Top of MATERIAL FOR THIS EXERCISE
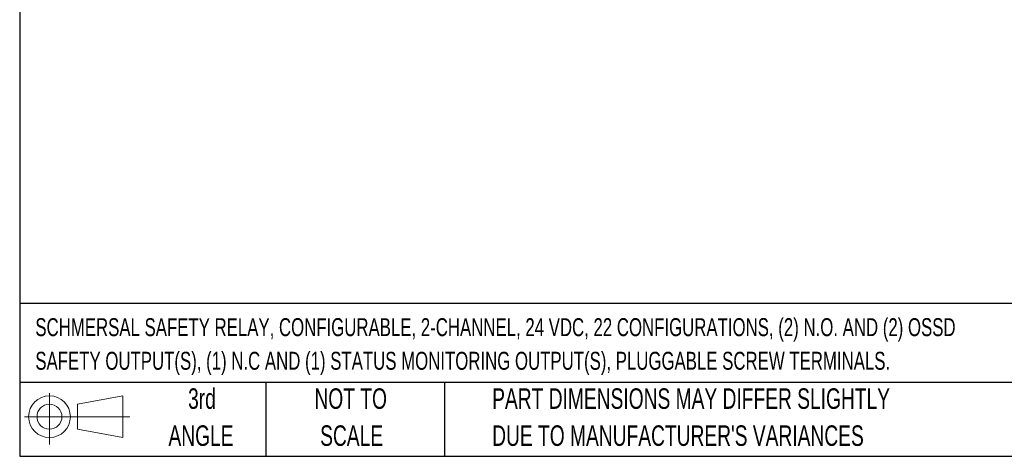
# Model space of a CAD drawing. Header units: millimetres. Extents: x 10 to 410, y 10 to 314.
# Tile 1 of 14: x 10 to 162, y 10 to 77. Entities that reach past the tile are written whole.
import ezdxf

# ---------------------------------------------------------------- set-up
doc = ezdxf.new("R2010")
doc.units = ezdxf.units.MM
doc.header["$LTSCALE"] = 1.5
doc.layers.add('TEXT', color=140, linetype='Continuous', lineweight=25)
doc.styles.add('SLDTEXTSTYLE0', font='TXT', dxfattribs={"width": 0.7})

# ---------------------------------------------------------------- blocks, each defined once
blk = doc.blocks.new('Block11')
at = {"color": 7, "linetype": 'Continuous', "lineweight": 18}
for p, q in [((3.88, 7.97), (3.88, 0)), ((8.22, 6.25), (15.26, 7.55)), ((8.22, 2.39), (8.22, 6.25)), ((15.26, 7.55), (15.26, 1.1)), ((0, 4.32), (16.31, 4.32)), ((8.22, 2.39), (15.26, 1.1))]:
    blk.add_line(p, q, dxfattribs=at)
for radius in [3.23, 1.93]:
    blk.add_circle((3.88, 4.32), radius, dxfattribs=at)
blk = doc.blocks.new('Block12')
at = {"color": 7, "linetype": 'Continuous'}
blk.add_blockref('Block11', (0, 0), dxfattribs=at)

msp = doc.modelspace()

# ---------------------------------------------------------------- linework, layer by layer
at = {"layer": 'TEXT'}
for p, q in [((9.525, 314.325), (9.525, 9.525)), ((409.575, 33.189), (9.525, 33.189)), ((409.575, 20.955), (9.525, 20.955)), ((47.625, 20.955), (47.625, 9.525)), ((75.317, 20.955), (75.317, 9.525)), ((9.525, 9.525), (409.575, 9.525))]:
    msp.add_line(p, q, dxfattribs=at)

# ---------------------------------------------------------------- block references
msp.add_blockref('Block12', (10.257, 11.331), dxfattribs=at)

# ---------------------------------------------------------------- texts
at = {"layer": 'TEXT', "style": 'SLDTEXTSTYLE0'}
for s, insert, char_height, attachment_point in [('SCHMERSAL SAFETY RELAY, CONFIGURABLE, 2-CHANNEL, 24 VDC, 22 CONFIGURATIONS, (2) N.O. AND (2) OSSD', (11.949, 30.903), 2.77813, 1), ('SAFETY OUTPUT(S), (1) N.C AND (1) STATUS MONITORING OUTPUT(S), PLUGGABLE SCREW TERMINALS.', (11.949, 25.698), 2.77813, 1), ('3rd', (37.744, 20.046), 3.175, 2), ('NOT TO', (60.774, 20.046), 3.175, 2), ('PART DIMENSIONS MAY DIFFER SLIGHTLY', (82.679, 20.046), 3.175, 1), ('ANGLE', (37.597, 14.313), 3.175, 2), ('SCALE', (60.918, 14.313), 3.175, 2), ("DUE TO MANUFACTURER'S VARIANCES", (82.679, 14.313), 3.175, 1)]:
    msp.add_mtext(s, dxfattribs=dict(at, insert=insert, char_height=char_height, attachment_point=attachment_point))

doc.saveas('drawing.dxf')
Bottom of MATERIAL FOR THIS EXERCISE
## ABOUT THIS TASK
Begin with the line that contains "blk.add_line(p, q, dxfattribs=at)" and print each line exactly until the data ends, including the last line.

## OUTPUT
    blk.add_line(p, q, dxfattribs=at)
for radius in [3.23, 1.93]:
    blk.add_circle((3.88, 4.32), radius, dxfattribs=at)
blk = doc.blocks.new('Block12')
at = {"color": 7, "linetype": 'Continuous'}
blk.add_blockref('Block11', (0, 0), dxfattribs=at)

msp = doc.modelspace()

# ---------------------------------------------------------------- linework, layer by layer
at = {"layer": 'TEXT'}
for p, q in [((9.525, 314.325), (9.525, 9.525)), ((409.575, 33.189), (9.525, 33.189)), ((409.575, 20.955), (9.525, 20.955)), ((47.625, 20.955), (47.625, 9.525)), ((75.317, 20.955), (75.317, 9.525)), ((9.525, 9.525), (409.575, 9.525))]:
    msp.add_line(p, q, dxfattribs=at)

# ---------------------------------------------------------------- block references
msp.add_blockref('Block12', (10.257, 11.331), dxfattribs=at)

# ---------------------------------------------------------------- texts
at = {"layer": 'TEXT', "style": 'SLDTEXTSTYLE0'}
for s, insert, char_height, attachment_point in [('SCHMERSAL SAFETY RELAY, CONFIGURABLE, 2-CHANNEL, 24 VDC, 22 CONFIGURATIONS, (2) N.O. AND (2) OSSD', (11.949, 30.903), 2.77813, 1), ('SAFETY OUTPUT(S), (1) N.C AND (1) STATUS MONITORING OUTPUT(S), PLUGGABLE SCREW TERMINALS.', (11.949, 25.698), 2.77813, 1), ('3rd', (37.744, 20.046), 3.175, 2), ('NOT TO', (60.774, 20.046), 3.175, 2), ('PART DIMENSIONS MAY DIFFER SLIGHTLY', (82.679, 20.046), 3.175, 1), ('ANGLE', (37.597, 14.313), 3.175, 2), ('SCALE', (60.918, 14.313), 3.175, 2), ("DUE TO MANUFACTURER'S VARIANCES", (82.679, 14.313), 3.175, 1)]:
    msp.add_mtext(s, dxfattribs=dict(at, insert=insert, char_height=char_height, attachment_point=attachment_point))

doc.saveas('drawing.dxf')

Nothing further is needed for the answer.